News
“You Can’t Heal a Wound That’s Still Open”: MK Party Rejects Reconciliation Day
“You Can’t Heal a Wound That’s Still Open”: MK Party Rejects Reconciliation Day
As South Africans gathered across the country on Tuesday, 16 December 2025, to mark Reconciliation Day, one political voice stood firmly apart from the commemorations.
The MK Party said the day has lost its meaning for millions of Black South Africans who, three decades into democracy, still live with the economic scars of apartheid.
While government leaders spoke of unity, healing and progress, the MK Party argued that reconciliation without justice is little more than symbolism.
“Freedom Is Still Deferred”
MK Party national spokesperson Nhlamulo Ndhela did not mince his words, describing Reconciliation Day as a concept that ignores lived reality.
According to Ndhela, it is impossible to celebrate unity in a country where land ownership remains deeply unequal, unemployment continues to crush Black households, and hunger and poverty remain widespread.

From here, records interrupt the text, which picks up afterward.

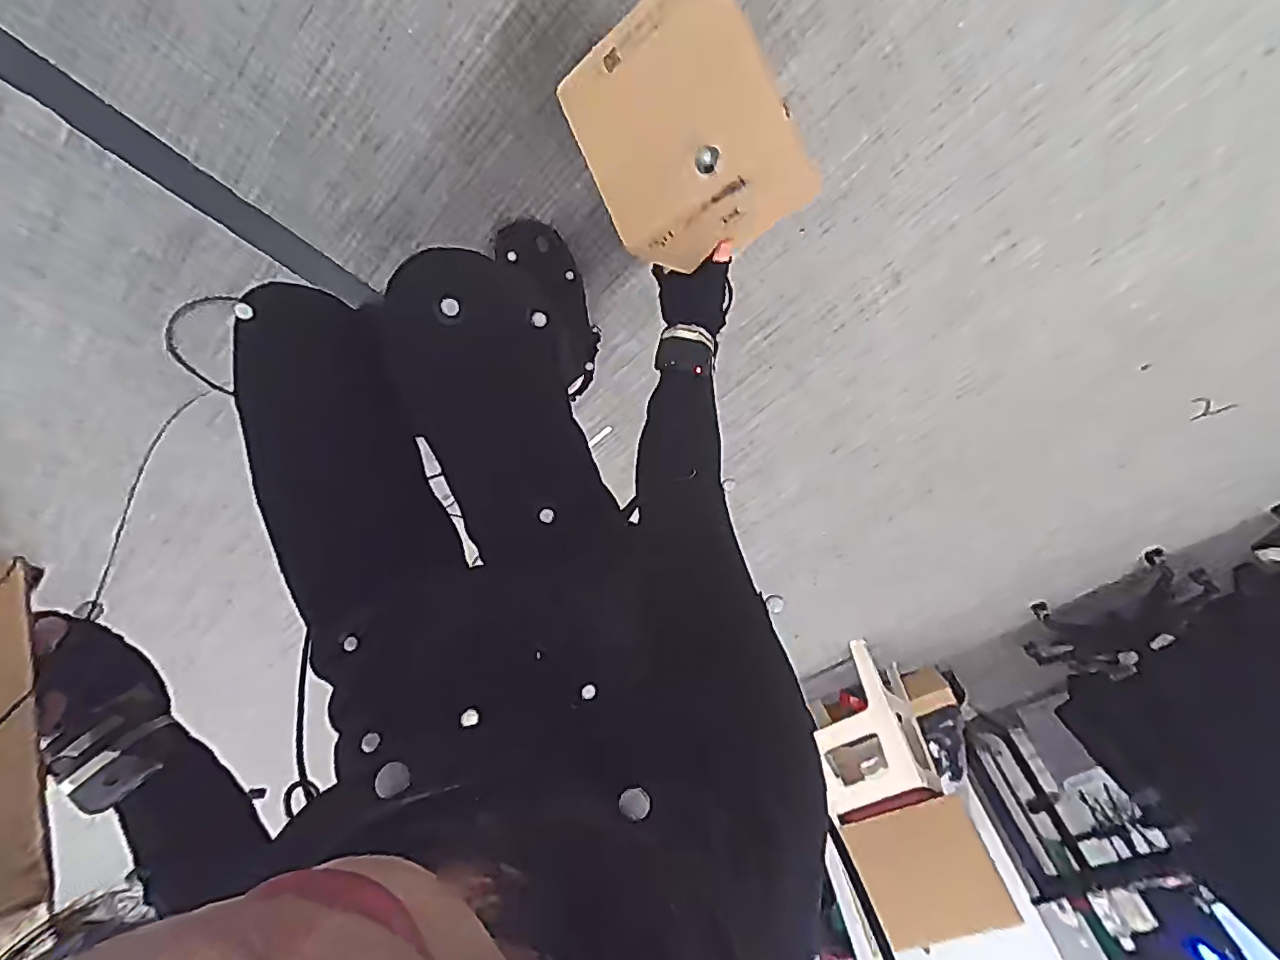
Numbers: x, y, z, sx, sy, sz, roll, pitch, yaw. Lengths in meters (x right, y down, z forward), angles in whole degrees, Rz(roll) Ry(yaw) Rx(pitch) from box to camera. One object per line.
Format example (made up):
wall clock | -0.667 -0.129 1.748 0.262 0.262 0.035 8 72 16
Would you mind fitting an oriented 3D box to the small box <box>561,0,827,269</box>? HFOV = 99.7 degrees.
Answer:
small box | 0.059 -0.328 0.517 0.168 0.179 0.176 -24 92 30
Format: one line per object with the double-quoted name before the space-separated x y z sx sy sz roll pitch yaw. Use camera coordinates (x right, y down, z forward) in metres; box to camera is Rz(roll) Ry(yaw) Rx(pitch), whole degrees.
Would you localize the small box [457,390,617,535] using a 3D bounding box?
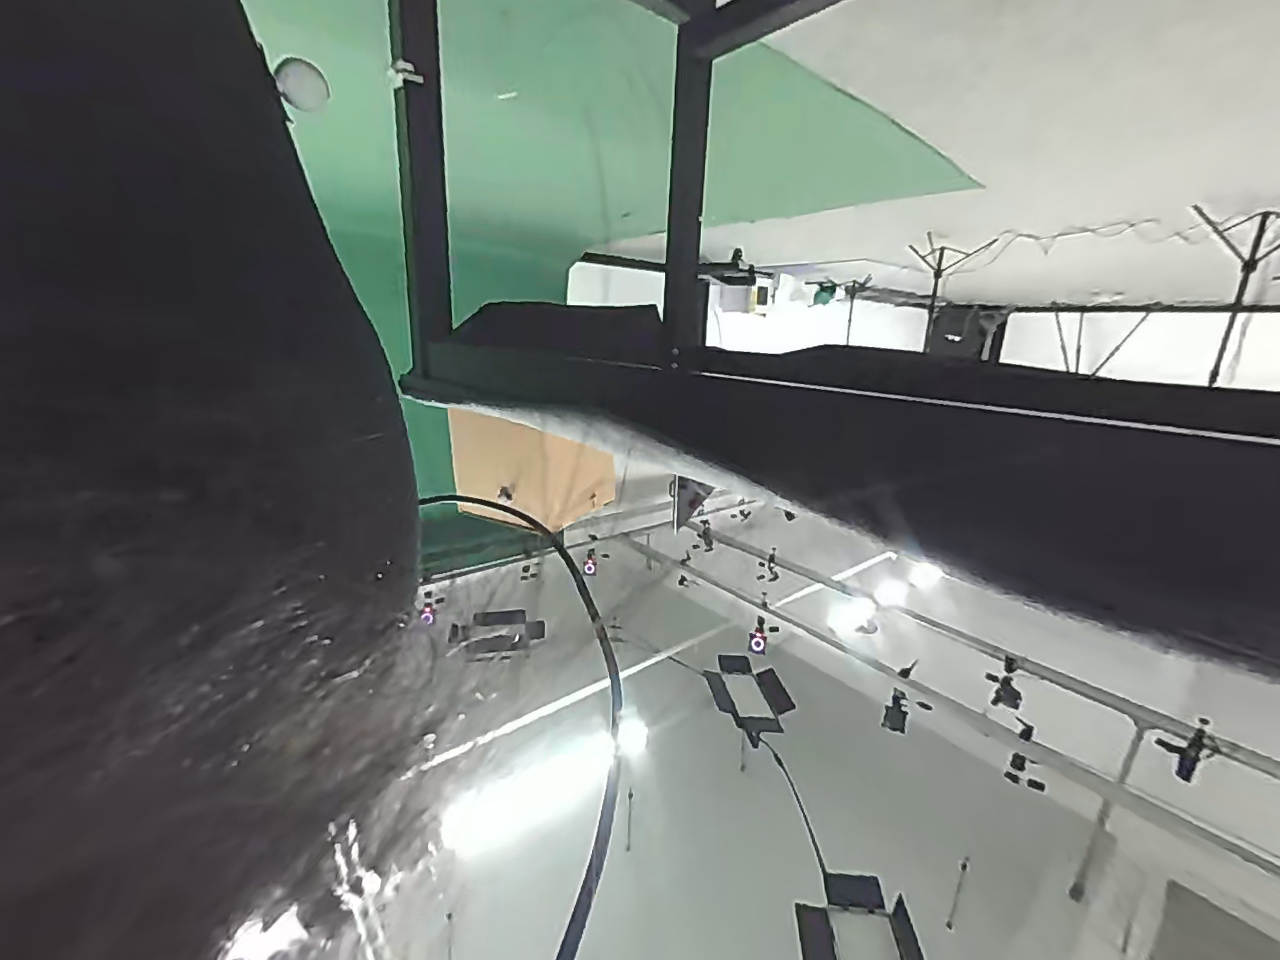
"small box" -0.151 -0.037 0.803 0.179 0.176 0.168 9 -161 28
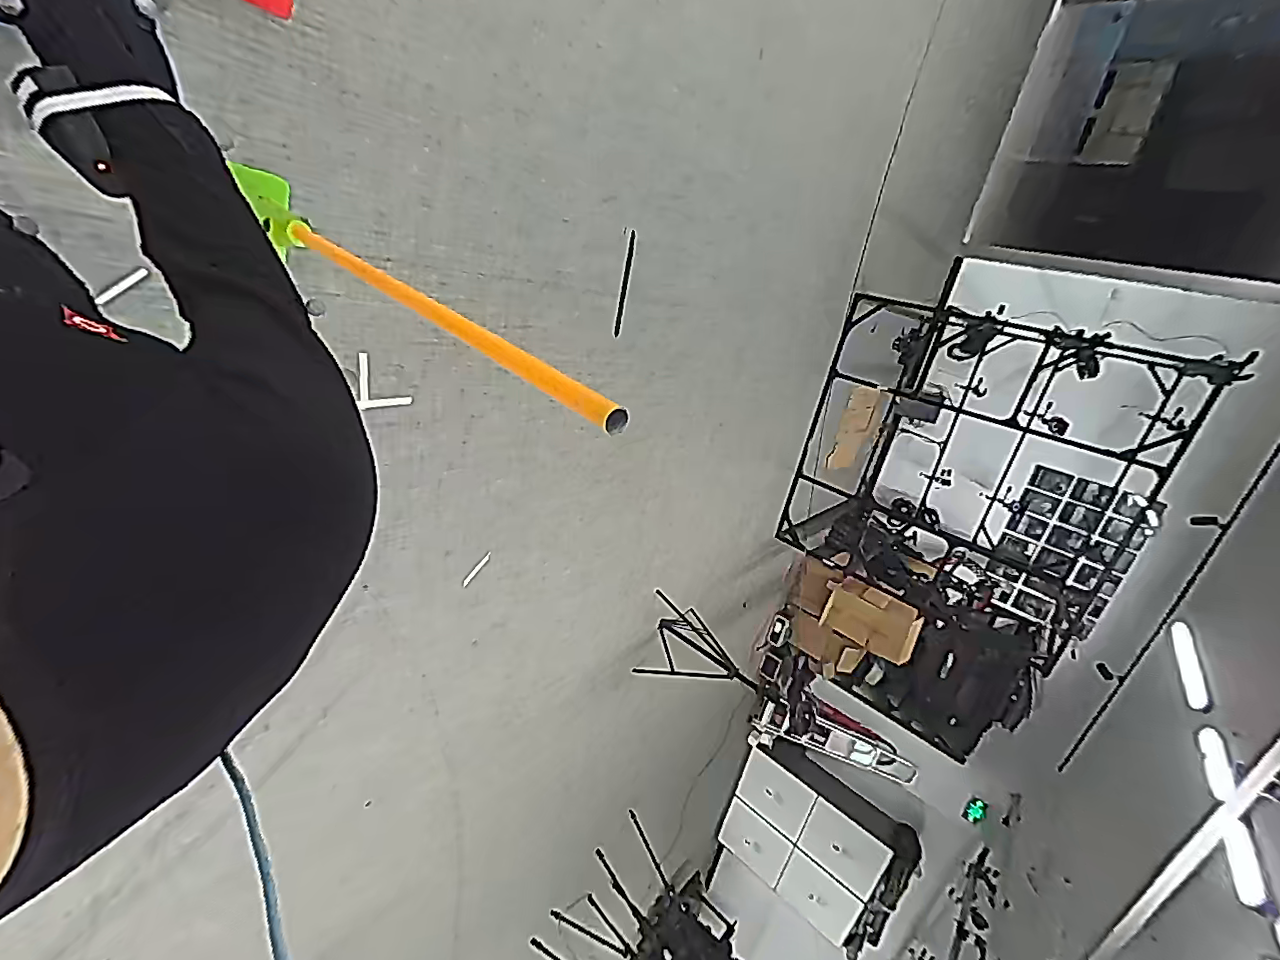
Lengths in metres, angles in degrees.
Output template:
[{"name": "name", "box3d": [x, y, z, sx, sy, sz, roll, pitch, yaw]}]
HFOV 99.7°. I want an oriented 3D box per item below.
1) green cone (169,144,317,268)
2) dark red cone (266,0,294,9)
[{"name": "green cone", "box3d": [-0.727, -0.500, 1.041, 0.202, 0.368, 0.200, -9, 120, -52]}, {"name": "dark red cone", "box3d": [-0.602, -0.939, 0.875, 0.201, 0.394, 0.202, -15, 125, -51]}]

He said true liberation cannot exist while economic power remains concentrated and inequality is passed down from one generation to the next.
“Freedom remains unattained as long as the Black majority is economically shackled,” Ndhela said, adding that dignity and opportunity should not be a privilege but a birthright.
A Long-Running Debate in South Africa
This criticism taps into a longstanding national tension: whether South Africa prioritised political reconciliation in 1994 at the cost of economic justice.
For many, Reconciliation Day represents hope and hard-won peace. For others, particularly younger South Africans facing record unemployment, it feels disconnected from daily struggles.
On social media, the MK Party’s comments sparked heated debate. Some users agreed, saying reconciliation feels “unfinished” without land reform and economic transformation. Others warned that rejecting the day risks deepening divisions rather than healing them.
Ramaphosa’s Call for Unity
At the official national commemoration held at the Ncome Museum in Nquthu, KwaZulu-Natal, President Cyril Ramaphosa struck a very different tone.
He urged South Africans to resist what he described as false narratives about the country, particularly those suggesting that democracy has failed or that race relations have worsened beyond repair.
Ramaphosa pointed to surveys showing that many South Africans remain hopeful about democracy and believe race relations have improved since 1994. He highlighted everyday scenes of children from different backgrounds learning and playing together as evidence of progress.
Two Visions, One Unsettled Country
The contrast between the MK Party’s rejection and the president’s appeal reflects a deeper truth: South Africa is still negotiating what reconciliation really means.
Is it about peaceful coexistence, or about material redress? Can unity survive without economic justice? And how long can symbolic healing last without structural change?
As the country reflects on its past and future, Reconciliation Day once again revealed not just shared history but unresolved questions that continue to shape South Africa’s political and social landscape.